The Cattleman cover used a photograph of a herd enjoying the cool water. No identifying information about the photographer or location was given.
➤ After four long years, Germany had asked for an armistice [an agreement to stop fighting without actually surrendering] in early October, and World War 1 would officially end on Nov. 11. The Cattleman published the following quote by President Herbert Hoover:
“The Guns Are Silent. America held the Firing Line and the Food Line unto Victory, and now we must hold until the fruits of Victory ripen into enduring peace.
“The guns are silent, and our victorious soldiers will soon come marching home, leaving behind many comrades buried beneath the sacred soil of France and Belgium — the battlefield of world freedom from Prussianism.

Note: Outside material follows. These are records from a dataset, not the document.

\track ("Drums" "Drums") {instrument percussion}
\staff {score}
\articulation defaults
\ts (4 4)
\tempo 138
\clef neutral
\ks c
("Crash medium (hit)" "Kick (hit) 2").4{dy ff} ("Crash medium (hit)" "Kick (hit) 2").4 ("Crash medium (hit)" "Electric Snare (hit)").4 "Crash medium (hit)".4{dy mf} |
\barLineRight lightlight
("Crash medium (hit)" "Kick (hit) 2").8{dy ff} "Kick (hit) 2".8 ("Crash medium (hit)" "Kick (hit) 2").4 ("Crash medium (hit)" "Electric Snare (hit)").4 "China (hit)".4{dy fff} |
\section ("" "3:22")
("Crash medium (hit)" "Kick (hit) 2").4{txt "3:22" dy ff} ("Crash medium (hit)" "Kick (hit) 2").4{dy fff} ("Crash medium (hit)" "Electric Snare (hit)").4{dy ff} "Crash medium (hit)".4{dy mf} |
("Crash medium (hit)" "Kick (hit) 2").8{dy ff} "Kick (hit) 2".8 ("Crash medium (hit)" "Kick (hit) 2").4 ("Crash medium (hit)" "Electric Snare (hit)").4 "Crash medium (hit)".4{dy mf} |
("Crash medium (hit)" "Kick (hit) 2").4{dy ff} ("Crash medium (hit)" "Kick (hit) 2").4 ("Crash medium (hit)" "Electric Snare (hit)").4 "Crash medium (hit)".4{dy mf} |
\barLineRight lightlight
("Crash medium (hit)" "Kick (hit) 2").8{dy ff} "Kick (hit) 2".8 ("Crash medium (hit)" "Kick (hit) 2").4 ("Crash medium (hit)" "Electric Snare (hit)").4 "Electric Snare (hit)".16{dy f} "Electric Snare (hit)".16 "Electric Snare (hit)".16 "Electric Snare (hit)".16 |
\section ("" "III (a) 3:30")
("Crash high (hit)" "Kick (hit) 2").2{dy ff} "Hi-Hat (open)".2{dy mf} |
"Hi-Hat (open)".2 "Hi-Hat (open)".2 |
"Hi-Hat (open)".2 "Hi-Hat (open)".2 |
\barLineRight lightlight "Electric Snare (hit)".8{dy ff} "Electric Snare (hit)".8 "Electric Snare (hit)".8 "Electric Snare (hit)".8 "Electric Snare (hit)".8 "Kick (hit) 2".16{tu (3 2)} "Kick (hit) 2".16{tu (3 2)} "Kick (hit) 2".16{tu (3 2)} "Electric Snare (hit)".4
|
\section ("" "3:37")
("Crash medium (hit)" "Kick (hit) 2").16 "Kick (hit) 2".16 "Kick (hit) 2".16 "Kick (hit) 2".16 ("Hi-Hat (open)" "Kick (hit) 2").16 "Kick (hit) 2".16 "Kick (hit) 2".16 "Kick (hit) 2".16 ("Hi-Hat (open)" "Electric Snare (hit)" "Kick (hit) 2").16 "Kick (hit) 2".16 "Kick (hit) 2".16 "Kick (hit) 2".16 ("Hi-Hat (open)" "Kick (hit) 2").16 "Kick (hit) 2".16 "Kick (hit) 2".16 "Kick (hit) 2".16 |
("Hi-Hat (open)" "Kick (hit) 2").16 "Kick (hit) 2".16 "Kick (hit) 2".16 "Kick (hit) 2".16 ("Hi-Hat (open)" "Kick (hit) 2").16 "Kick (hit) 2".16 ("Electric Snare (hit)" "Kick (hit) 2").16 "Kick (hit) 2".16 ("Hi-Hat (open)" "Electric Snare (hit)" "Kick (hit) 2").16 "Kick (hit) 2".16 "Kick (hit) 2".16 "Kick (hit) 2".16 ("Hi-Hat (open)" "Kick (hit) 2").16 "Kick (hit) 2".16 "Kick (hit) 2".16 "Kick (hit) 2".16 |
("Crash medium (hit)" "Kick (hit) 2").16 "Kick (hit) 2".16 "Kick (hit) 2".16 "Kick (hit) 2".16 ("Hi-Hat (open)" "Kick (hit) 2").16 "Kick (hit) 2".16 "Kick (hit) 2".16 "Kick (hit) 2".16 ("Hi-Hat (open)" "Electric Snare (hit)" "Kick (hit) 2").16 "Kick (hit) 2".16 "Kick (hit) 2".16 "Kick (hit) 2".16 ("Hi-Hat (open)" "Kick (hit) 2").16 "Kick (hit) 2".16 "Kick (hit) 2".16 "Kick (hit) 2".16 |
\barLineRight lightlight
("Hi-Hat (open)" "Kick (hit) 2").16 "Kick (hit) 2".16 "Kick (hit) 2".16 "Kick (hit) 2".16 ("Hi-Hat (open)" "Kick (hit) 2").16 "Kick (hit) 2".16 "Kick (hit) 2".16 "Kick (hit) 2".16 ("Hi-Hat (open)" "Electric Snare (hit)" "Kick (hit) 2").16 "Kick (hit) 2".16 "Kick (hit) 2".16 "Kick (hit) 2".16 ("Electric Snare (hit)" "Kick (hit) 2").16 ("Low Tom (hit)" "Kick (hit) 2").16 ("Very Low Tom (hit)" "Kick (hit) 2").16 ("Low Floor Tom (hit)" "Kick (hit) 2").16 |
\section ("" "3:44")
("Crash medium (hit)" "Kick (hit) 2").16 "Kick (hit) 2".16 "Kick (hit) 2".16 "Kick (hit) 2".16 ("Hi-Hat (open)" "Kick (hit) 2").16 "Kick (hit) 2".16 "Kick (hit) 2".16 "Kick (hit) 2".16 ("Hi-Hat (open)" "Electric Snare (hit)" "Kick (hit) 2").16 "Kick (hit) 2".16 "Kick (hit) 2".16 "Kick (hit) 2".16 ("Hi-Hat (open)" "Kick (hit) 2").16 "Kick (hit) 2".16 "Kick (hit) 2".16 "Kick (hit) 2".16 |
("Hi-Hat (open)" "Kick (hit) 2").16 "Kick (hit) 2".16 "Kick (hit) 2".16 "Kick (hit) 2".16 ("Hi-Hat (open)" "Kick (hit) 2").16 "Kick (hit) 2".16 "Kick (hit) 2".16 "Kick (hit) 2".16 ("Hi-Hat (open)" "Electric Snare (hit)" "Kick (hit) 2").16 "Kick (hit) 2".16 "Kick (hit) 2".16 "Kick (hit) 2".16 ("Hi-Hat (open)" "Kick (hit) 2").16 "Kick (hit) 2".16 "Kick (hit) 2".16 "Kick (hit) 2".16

“The guns are silent, but millions of our starving allies are crying ‘Give us food!’ and America must answer if the world is to be safe for Democracy. For Democracy is not a thing learned of books and written in constitutions, but a working solution of simple human needs.
“In memory of those who gave their lives that the world may be free from Prussianism let us dedicate our lives and our fortunes to make freedom and lasting peace a reality.”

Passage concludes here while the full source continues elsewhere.